Sunday, July 18, 2010

Time of Mountains


Colorado Poet Laureate Thomas Hornsby Ferril





Time of Mountains
So long ago my father led me to 
The dark impounded orders of this canyon, 
I have confused these rocks and waters with 
My life, but not unclearly, for I know 
What will be here when I am here no more.
I've moved in the terrible cries of the prisoned water, 
And prodigious stillness where the water folds 
Its terrible muscles over and under each other.
When you've walked a long time on the floor of a river, 
And up the steps and into the different rooms, 
You know where the hills are going, you can feel them, 
The far blue hills dissolving in luminous water,
The solvent mountains going home to the oceans. 
Even when the river is low and clear, 
And the waters are going to sleep in the upper swales, 
You can feel the particles of the shining mountains 
Moping against your ankles toward the sea.
Forever the mountains are coming down and I stalk 
Against them, cutting the channel with my shins, 
With the lurch of the stiff spray cracking over my thighs; 
I feel the bones of my back bracing my body,
And I push uphill behind the vertebrate fish 
That lie uphill with their bony brains uphill 
Meeting and splitting the mountains coming down.
I push uphill behind the vertebrate fish 
That scurry uphill, ages ahead of me. 
I stop to rest but the order still keeps moving: 
I mark how long it takes an aspen leaf 
To float in sight, pass me, and go downstream; 
I watch a willow dipping and springing back 
Like something that must be a water-clock, 
Measuring mine against the end of mountains.
But if I go before these mountains go, 
I'm unbewildered by the time of mountains, 
I, who have followed life up from the sea 
Into a black incision in this planet, 
Can bring an end to stone infinitives. 
I have held rivers to my eyes like lenses 
And rearranged the mountains at my pleasure, 
As one might change the apples in a bowl, 
And I have walked a dim unearthly prairie 
From which these peaks have not yet blown away.
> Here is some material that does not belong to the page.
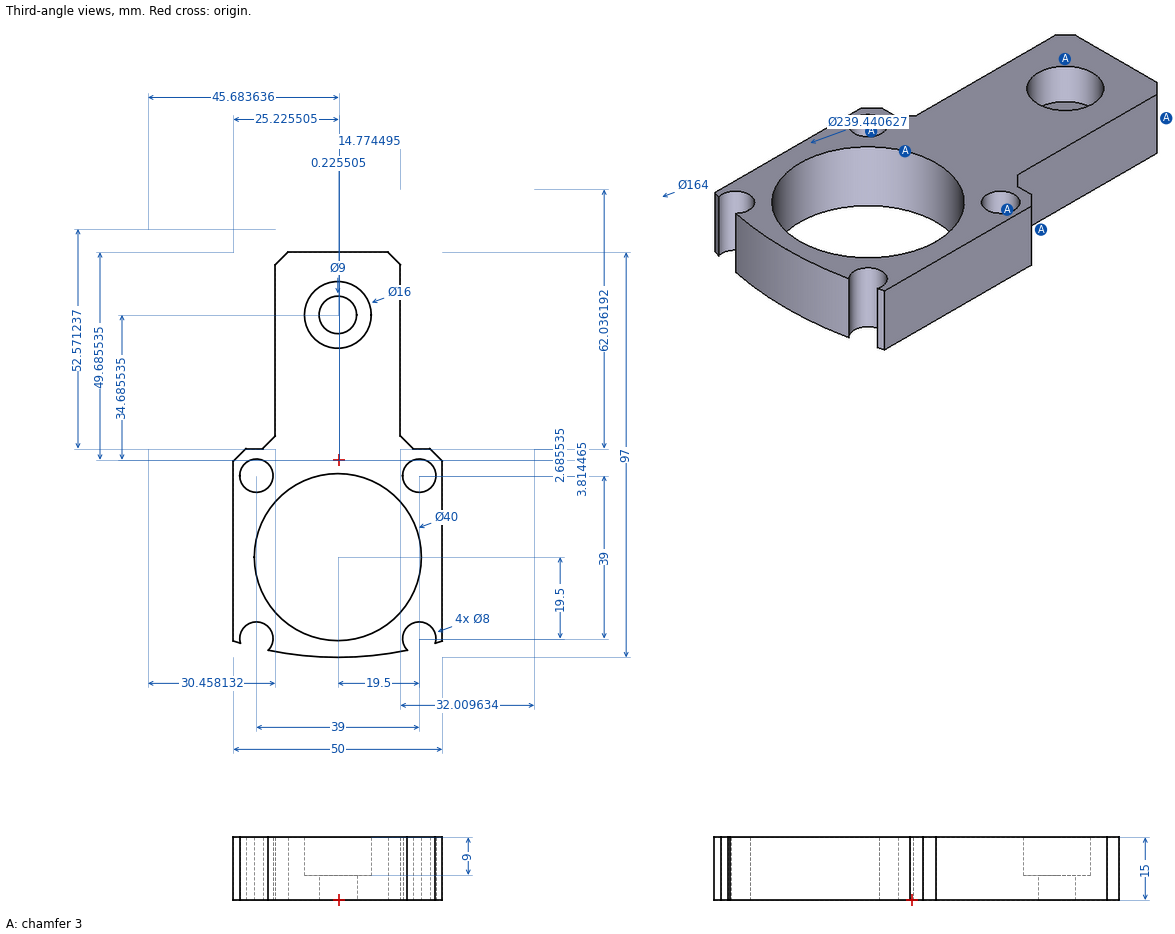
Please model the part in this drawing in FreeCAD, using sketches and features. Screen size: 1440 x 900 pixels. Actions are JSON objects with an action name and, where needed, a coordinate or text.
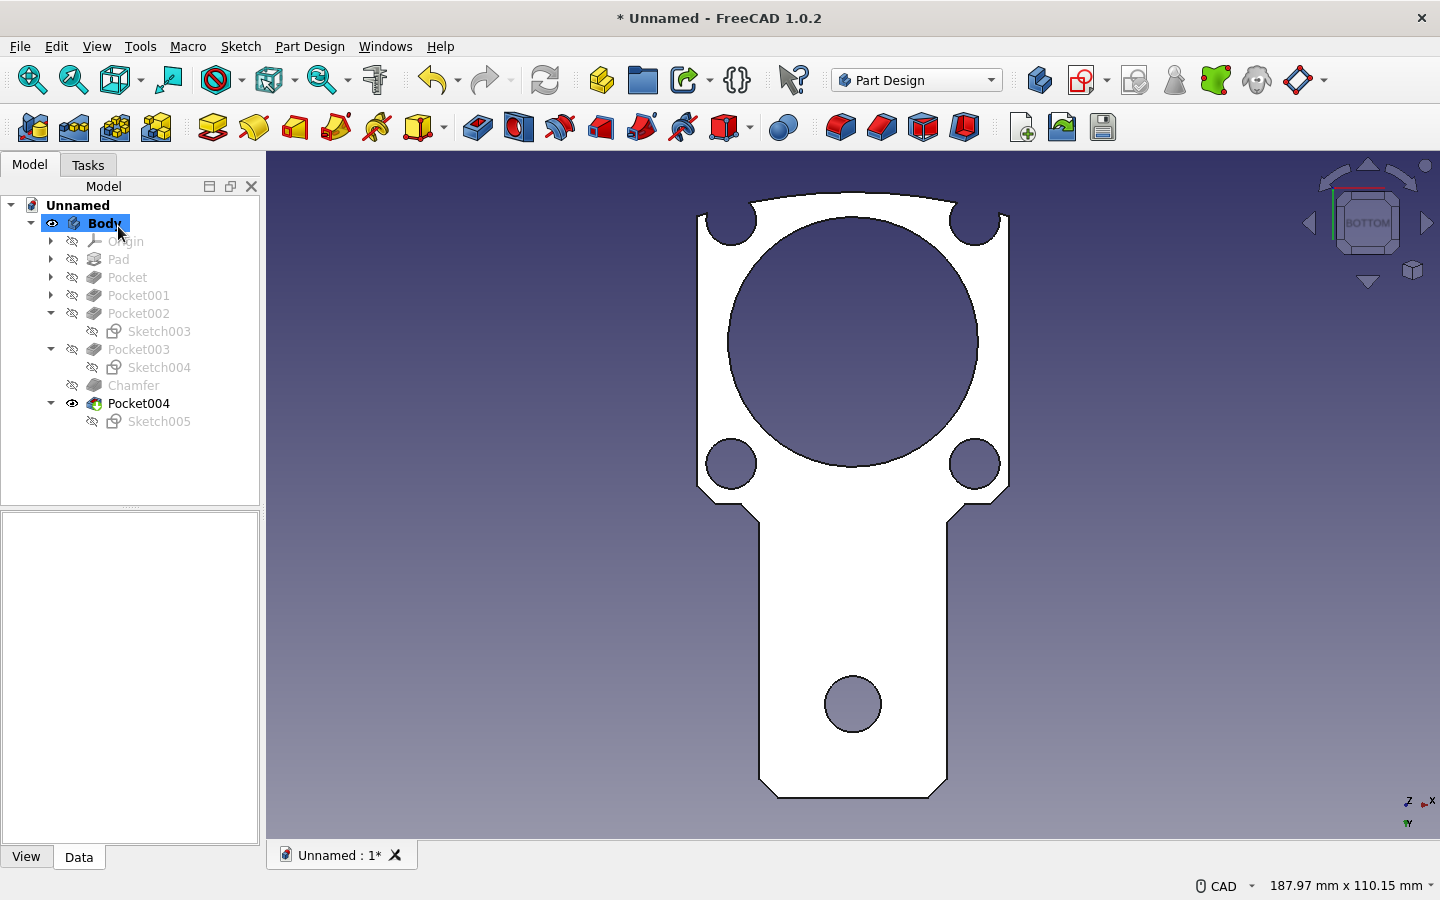
{"action": "key", "text": "0"}

Thomas Hornsby Ferril was born in Denver, where he remained a resident until his death in 1988. An award-winning poet, essayist, columnist, and coeditor with his wife of The Rocky Mountain Herald from 1939–1972, Ferril was appointed Colorado Poet Laureate in 1979.



2 comments:

Jim Crawford said...

I was taken early on by this poem's allusions to western geology and the more recent human evolution. Only after I took up fly fishing did appreciate how adroitly Ferril transformed the experience of angling into a meditation on time and transience.

Thanks for posting it!

Unknown said...

My favorite poem by my favorite western poet and good friend, Tom Ferril.